We think you need these skills to ace Data Scientist
Some tips for your application 🫡
Tailor Your CV: Make sure your CV highlights your PhD in a relevant field and any commercial experience you have. Emphasise your strong Python skills and mention any additional programming languages you know, as well as your experience with large data sets.
Craft a Compelling Cover Letter: In your cover letter, explain why you're interested in the Data Scientist position at this trading firm. Discuss how your background in Computer Science, Maths, or Physics aligns with their needs and how your skills can support Portfolio Managers in making trading decisions.

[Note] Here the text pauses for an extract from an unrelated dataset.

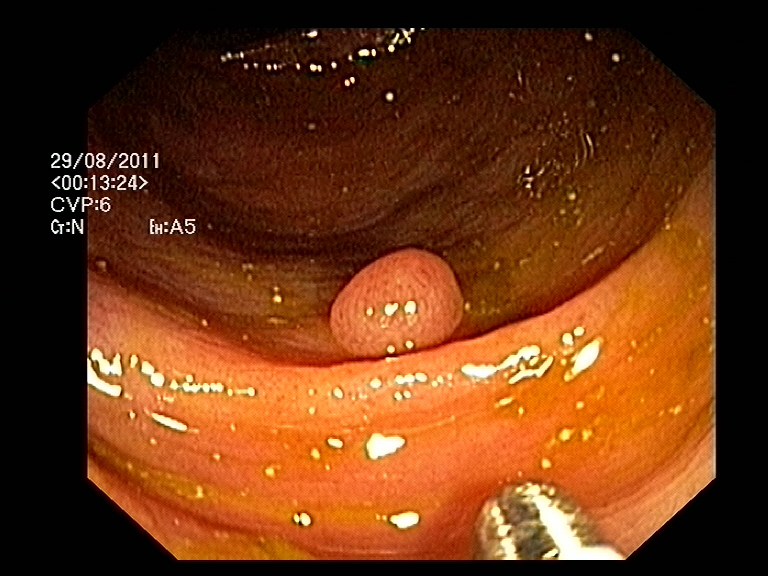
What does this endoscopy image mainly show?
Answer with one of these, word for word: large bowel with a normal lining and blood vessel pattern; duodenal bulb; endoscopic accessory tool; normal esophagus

endoscopic accessory tool

Showcase Relevant Projects: If you've worked on projects involving classification, regression, distribution analysis, or predictive modelling, be sure to include these in your application. Provide specific examples of how you applied your skills to solve real-world problems.
Proofread Your Application: Before submitting, carefully proofread your CV and cover letter for any errors or typos. A polished application reflects your attention to detail, which is crucial in a data-driven role.
How to prepare for a job interview at Paritas Recruitment
✨Showcase Your Technical Skills
Be prepared to discuss your proficiency in Python and any other programming languages you know. Bring examples of projects where you've used these skills, especially those involving large data sets and predictive modelling.
✨Demonstrate Your Analytical Thinking
Expect questions that assess your problem-solving abilities. Be ready to explain your thought process when tackling complex data analysis tasks, such as classification or regression problems.
✨Connect Your Experience to the Role
Highlight your commercial experience in similar environments. Discuss specific instances where your work has directly supported decision-making processes, particularly in trading or finance.
✨Prepare for Technical Challenges
You may face technical challenges or case studies during the interview. Practice coding problems and data analysis scenarios beforehand to demonstrate your ability to think on your feet and apply your knowledge effectively.